_DATA RECORDS:_
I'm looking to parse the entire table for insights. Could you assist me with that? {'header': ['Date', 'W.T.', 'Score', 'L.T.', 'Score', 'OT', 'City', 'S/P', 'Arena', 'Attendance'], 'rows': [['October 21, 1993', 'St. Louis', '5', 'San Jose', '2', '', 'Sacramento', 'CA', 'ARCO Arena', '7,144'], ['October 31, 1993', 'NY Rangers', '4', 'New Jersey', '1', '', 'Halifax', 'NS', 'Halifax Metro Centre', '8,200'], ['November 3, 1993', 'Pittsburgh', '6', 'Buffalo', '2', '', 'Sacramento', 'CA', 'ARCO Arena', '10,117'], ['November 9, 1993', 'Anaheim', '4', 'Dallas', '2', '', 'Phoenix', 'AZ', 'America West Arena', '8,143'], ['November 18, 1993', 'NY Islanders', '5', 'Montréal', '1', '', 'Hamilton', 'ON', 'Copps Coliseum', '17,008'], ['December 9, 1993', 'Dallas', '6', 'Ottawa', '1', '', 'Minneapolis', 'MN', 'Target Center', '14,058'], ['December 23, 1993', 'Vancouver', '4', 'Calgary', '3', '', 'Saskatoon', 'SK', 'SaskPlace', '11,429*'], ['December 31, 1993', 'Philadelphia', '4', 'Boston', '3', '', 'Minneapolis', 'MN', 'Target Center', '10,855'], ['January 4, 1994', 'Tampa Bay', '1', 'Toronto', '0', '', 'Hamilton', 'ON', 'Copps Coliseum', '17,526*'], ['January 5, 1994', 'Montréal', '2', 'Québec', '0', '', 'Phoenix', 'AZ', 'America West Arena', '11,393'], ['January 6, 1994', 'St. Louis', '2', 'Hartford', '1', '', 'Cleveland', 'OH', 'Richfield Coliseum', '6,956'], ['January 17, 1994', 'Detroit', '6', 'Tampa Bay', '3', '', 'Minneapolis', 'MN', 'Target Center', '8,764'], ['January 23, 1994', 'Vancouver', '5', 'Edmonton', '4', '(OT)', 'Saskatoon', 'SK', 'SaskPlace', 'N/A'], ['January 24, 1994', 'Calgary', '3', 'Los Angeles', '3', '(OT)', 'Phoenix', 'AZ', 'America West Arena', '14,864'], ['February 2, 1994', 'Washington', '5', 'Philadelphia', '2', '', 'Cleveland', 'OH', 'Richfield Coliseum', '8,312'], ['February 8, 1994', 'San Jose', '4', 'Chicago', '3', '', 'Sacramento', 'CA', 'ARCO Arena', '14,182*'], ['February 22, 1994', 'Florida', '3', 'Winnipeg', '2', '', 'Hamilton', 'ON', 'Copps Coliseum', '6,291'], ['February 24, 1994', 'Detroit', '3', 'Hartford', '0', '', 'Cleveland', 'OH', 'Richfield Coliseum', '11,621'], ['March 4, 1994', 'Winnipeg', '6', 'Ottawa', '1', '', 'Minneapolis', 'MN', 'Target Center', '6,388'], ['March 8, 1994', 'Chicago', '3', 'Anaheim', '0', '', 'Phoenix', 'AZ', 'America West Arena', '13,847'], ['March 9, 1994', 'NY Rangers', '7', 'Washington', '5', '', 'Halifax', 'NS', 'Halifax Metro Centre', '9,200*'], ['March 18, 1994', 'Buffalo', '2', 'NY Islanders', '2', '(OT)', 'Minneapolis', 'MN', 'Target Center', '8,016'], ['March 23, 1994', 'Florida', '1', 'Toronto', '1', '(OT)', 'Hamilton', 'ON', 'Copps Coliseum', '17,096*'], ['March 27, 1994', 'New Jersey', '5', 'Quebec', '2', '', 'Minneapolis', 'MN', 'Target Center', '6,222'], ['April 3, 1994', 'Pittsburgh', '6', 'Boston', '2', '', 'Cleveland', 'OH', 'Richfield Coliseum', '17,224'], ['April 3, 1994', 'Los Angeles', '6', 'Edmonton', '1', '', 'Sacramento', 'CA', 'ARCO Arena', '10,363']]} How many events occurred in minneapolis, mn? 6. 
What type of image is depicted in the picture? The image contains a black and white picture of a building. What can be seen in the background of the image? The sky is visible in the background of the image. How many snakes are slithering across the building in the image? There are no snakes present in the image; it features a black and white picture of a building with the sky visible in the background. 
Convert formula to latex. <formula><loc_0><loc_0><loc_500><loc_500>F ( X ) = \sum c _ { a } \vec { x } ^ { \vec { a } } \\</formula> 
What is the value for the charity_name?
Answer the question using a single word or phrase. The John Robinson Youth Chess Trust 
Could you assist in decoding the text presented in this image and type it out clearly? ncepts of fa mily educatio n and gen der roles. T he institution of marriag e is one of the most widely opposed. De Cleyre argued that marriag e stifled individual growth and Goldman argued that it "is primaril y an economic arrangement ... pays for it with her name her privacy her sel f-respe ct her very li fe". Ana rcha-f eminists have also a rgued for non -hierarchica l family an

_EXERCISE PROMPT:_ The word "What" appears in some of the lines above. Copy those lines.

_ANSWER SECTION:_
What type of image is depicted in the picture? The image contains a black and white picture of a building. What can be seen in the background of the image? The sky is visible in the background of the image. How many snakes are slithering across the building in the image? There are no snakes present in the image; it features a black and white picture of a building with the sky visible in the background. 
What is the value for the charity_name?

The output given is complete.